Las numerosas innovaciones incorporadas en Ómicron —y, en particular, trece cambios en los aminoácidos de la proteína de la espícula que no han aparecido en otras variantes del SARS-CoV-2— sugerían a Martin y a sus coautores que la selección natural darwiniana favorecía las mutaciones individual o colectivamente, toda vez que aumentaba la capacidad del virus para replicarse, para transmitirse o para esquivar las defensas inmunitarias. (Resulta importante recordar que determinadas mutaciones, con un efecto individualmente neutral o incluso negativo, pueden transmitirse por puro azar, pero probablemente no cincuenta y tres de ellas en un mismo linaje). ¿Cuánto mejor se transmitiría la variante? ¿Con cuánta efectividad esquivaría las defensas inmunitarias, incluidas las proporcionadas por las vacunas y las dosis de refuerzo? Esas preguntas también se responderán mejor «conforme se reúnan nuevos datos». La situación es fluida. Usted será capaz de ver Ómicron con más claridad, cuando lea estas líneas, de lo que lo ven en estos momentos Darren Martin y Tulio de Oliveira, y aún más yo.
La panoplia de mutaciones de Ómicron refleja un periodo de evolución extensiva y activa, ya que las mutaciones no solo se producían, sino que se preservaban dentro del linaje, lo cual sugería que ofrecían un valor adaptativo (o quizá algunas de ellas, pero no todas, simplemente habían tenido suerte).
Los coautores abordaban asimismo otra intrigante incertidumbre a la que acabo de aludir: ¿favoreció la selección evolutiva todos los cambios significativos de Ómicron de manera individual, aminoácido a aminoácido, o los favoreció en su conjunto, por su efecto combinado, su compleja interacción y su balance final colectivo? La segunda de estas propuestas, como señalaban Martin y sus coautores, tiene un nombre sofisticado en genética: «epistasis positiva». Este concepto es sencillo (solo los detalles son complejos).
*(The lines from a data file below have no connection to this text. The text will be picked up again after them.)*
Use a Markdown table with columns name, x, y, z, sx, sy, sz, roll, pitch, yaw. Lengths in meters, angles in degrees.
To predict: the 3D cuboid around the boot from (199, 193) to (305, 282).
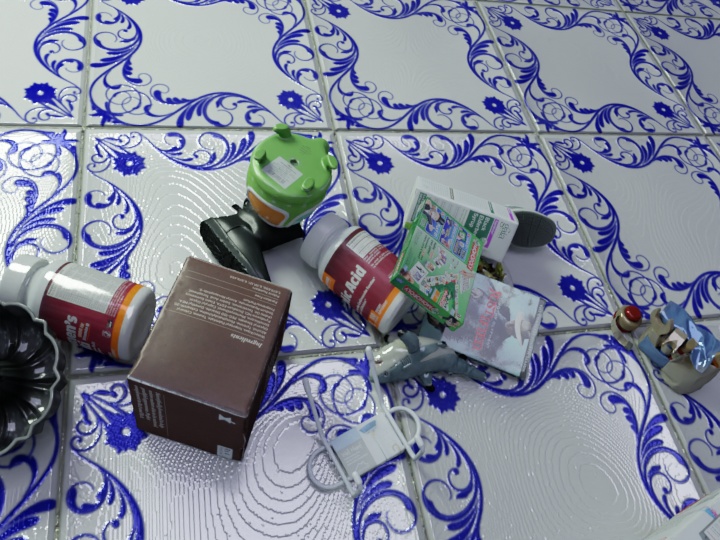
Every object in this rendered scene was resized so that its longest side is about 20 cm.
| name | x | y | z | sx | sy | sz | roll | pitch | yaw |
| --- | --- | --- | --- | --- | --- | --- | --- | --- | --- |
| boot | -0.164 | -0.045 | 1.078 | 0.161 | 0.074 | 0.199 | -27 | 68 | -35 |

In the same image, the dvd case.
| name | x | y | z | sx | sy | sz | roll | pitch | yaw |
| --- | --- | --- | --- | --- | --- | --- | --- | --- | --- |
| dvd case | 0.210 | 0.083 | 1.082 | 0.195 | 0.022 | 0.149 | 22 | 75 | -1 |

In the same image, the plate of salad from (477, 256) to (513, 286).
| name | x | y | z | sx | sy | sz | roll | pitch | yaw |
| --- | --- | --- | --- | --- | --- | --- | --- | --- | --- |
| plate of salad | 0.191 | 0.008 | 1.143 | 0.194 | 0.048 | 0.204 | 7 | 54 | -10 |

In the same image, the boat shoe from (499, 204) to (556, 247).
| name | x | y | z | sx | sy | sz | roll | pitch | yaw |
| --- | --- | --- | --- | --- | --- | --- | --- | --- | --- |
| boat shoe | 0.282 | -0.095 | 1.225 | 0.196 | 0.076 | 0.065 | 6 | 27 | -2 |

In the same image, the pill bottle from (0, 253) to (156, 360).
| name | x | y | z | sx | sy | sz | roll | pitch | yaw |
| --- | --- | --- | --- | --- | --- | --- | --- | --- | --- |
| pill bottle | -0.411 | 0.050 | 0.920 | 0.195 | 0.111 | 0.111 | 17 | 53 | -2 |

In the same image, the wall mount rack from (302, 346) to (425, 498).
| name | x | y | z | sx | sy | sz | roll | pitch | yaw |
| --- | --- | --- | --- | --- | --- | --- | --- | --- | --- |
| wall mount rack | 0.001 | 0.223 | 0.928 | 0.196 | 0.075 | 0.176 | -21 | 63 | -27 |

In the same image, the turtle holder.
| name | x | y | z | sx | sy | sz | roll | pitch | yaw |
| --- | --- | --- | --- | --- | --- | --- | --- | --- | --- |
| turtle holder | -0.120 | -0.159 | 1.051 | 0.137 | 0.133 | 0.189 | 15 | 49 | -13 |

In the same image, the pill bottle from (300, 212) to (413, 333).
| name | x | y | z | sx | sy | sz | roll | pitch | yaw |
| --- | --- | --- | --- | --- | --- | --- | --- | --- | --- |
| pill bottle | 0.000 | 0.000 | 1.058 | 0.199 | 0.115 | 0.114 | 39 | 55 | 14 |

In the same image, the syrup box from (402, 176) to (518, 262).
| name | x | y | z | sx | sy | sz | roll | pitch | yaw |
| --- | --- | --- | --- | --- | --- | --- | --- | --- | --- |
| syrup box | 0.181 | -0.095 | 1.149 | 0.195 | 0.080 | 0.082 | 20 | 24 | -2 |

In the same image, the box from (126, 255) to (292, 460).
| name | x | y | z | sx | sy | sz | roll | pitch | yaw |
| --- | --- | --- | --- | --- | --- | --- | --- | --- | --- |
| box | -0.205 | 0.124 | 0.886 | 0.160 | 0.167 | 0.203 | 18 | 52 | -2 |

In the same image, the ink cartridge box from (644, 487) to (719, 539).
| name | x | y | z | sx | sy | sz | roll | pitch | yaw |
| --- | --- | --- | --- | --- | --- | --- | --- | --- | --- |
| ink cartridge box | 0.475 | 0.393 | 0.890 | 0.196 | 0.149 | 0.086 | -23 | 62 | -26 |

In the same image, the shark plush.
| name | x | y | z | sx | sy | sz | roll | pitch | yaw |
| --- | --- | --- | --- | --- | --- | --- | --- | --- | --- |
| shark plush | 0.109 | 0.157 | 1.032 | 0.196 | 0.090 | 0.086 | 15 | 75 | -24 |

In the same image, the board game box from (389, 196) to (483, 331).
| name | x | y | z | sx | sy | sz | roll | pitch | yaw |
| --- | --- | --- | --- | --- | --- | --- | --- | --- | --- |
| board game box | 0.131 | -0.015 | 1.037 | 0.134 | 0.029 | 0.202 | 37 | 45 | -12 |

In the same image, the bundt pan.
| name | x | y | z | sx | sy | sz | roll | pitch | yaw |
| --- | --- | --- | --- | --- | --- | --- | --- | --- | --- |
| bundt pan | -0.481 | 0.146 | 0.831 | 0.196 | 0.076 | 0.208 | 0 | 74 | -2 |

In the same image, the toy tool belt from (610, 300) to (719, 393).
| name | x | y | z | sx | sy | sz | roll | pitch | yaw |
| --- | --- | --- | --- | --- | --- | --- | --- | --- | --- |
| toy tool belt | 0.563 | 0.113 | 1.120 | 0.200 | 0.124 | 0.124 | 43 | 56 | 17 |

La epistasis se refiere a los efectos interactivos de los genes en diferentes partes del genoma, enfrentándose entre sí o armonizando, al igual que los instrumentos en distintas partes de una orquesta. Una mutación inclinada a ejercer un impacto neutral o incluso negativo individualmente puede desempeñar una función beneficiosa cuando ese gen interactúa con otros. Además, el efecto de un gen mutado puede depender de la presencia o ausencia de mutaciones en otros genes. En el contexto de Ómicron, la epistasis positiva se traduce en que las numerosas mutaciones están potenciando mutuamente su valor adaptativo. Esta variante, con su gran número de mutaciones, puede ser una criatura que se está volviendo más temible en virtud de las grandes dificultades de la epistasis.
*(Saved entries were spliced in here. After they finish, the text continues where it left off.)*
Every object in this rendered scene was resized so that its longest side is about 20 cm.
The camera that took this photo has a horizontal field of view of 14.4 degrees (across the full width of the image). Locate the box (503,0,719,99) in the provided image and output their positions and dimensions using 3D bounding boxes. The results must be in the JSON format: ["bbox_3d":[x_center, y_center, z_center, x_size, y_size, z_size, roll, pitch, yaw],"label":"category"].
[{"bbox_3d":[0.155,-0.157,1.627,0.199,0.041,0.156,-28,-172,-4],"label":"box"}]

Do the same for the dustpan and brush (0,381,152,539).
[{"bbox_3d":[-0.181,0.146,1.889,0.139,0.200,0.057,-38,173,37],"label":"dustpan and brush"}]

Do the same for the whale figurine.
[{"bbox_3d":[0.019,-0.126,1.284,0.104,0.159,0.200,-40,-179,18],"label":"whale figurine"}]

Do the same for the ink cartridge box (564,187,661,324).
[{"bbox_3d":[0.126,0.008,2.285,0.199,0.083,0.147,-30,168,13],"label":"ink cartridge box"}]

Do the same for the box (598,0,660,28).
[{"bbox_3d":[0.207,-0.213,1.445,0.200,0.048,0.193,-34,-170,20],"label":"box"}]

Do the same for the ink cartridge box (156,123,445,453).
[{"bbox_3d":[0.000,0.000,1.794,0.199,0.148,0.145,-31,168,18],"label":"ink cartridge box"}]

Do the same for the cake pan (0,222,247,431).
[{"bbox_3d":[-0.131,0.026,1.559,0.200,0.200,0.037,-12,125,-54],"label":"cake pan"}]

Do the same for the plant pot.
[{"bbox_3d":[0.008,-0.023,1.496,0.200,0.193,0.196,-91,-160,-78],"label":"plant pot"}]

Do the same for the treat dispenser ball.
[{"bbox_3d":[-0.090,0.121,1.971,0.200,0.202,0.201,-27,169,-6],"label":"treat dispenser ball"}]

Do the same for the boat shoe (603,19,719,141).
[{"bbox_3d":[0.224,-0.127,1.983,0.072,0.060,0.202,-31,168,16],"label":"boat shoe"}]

Kristian Andersen cuenta en su laboratorio con una investigadora posdoctoral que lo expresaba más gráficamente cuando decía que «el jodido circo del sol epistático de este virus resulta desconcertante» (4).
Notas:
1) Isaac Chotiner, The New Yorker, 30/11/21.
2) Kai Kupferschmidt, Science, 27/11/21.
3) Publicación de Martin et al. en Virological.org, 5/12/21.